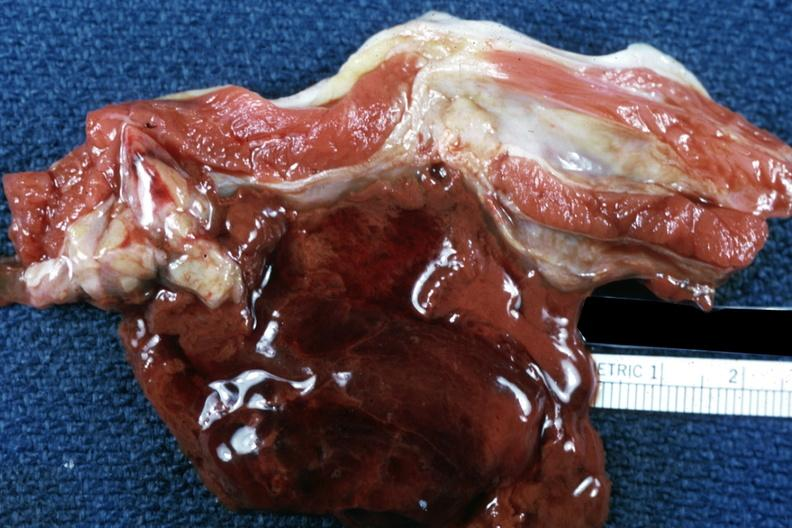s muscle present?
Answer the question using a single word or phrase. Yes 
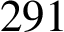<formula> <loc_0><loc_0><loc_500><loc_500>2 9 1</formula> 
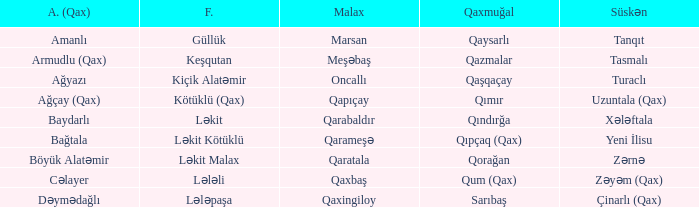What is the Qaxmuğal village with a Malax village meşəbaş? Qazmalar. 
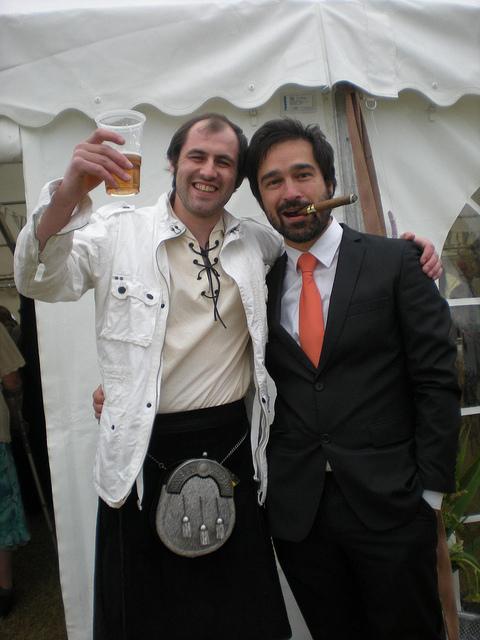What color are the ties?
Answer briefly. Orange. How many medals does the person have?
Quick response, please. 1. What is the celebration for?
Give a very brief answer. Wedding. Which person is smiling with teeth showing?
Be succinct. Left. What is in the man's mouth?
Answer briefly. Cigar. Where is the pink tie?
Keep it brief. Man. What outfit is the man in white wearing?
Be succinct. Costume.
★ ★ ★
• [Task brief]:
Word for word, restate the lines from the line containing "What is the Qaxmuğal" through the end of the data, including the first and last of them. Pictures stay out.

• [Response for this exercise]:
What is the Qaxmuğal village with a Malax village meşəbaş? Qazmalar. 
What color are the ties?
Answer briefly. Orange. How many medals does the person have?
Quick response, please. 1. What is the celebration for?
Give a very brief answer. Wedding. Which person is smiling with teeth showing?
Be succinct. Left. What is in the man's mouth?
Answer briefly. Cigar. Where is the pink tie?
Keep it brief. Man. What outfit is the man in white wearing?
Be succinct. Costume.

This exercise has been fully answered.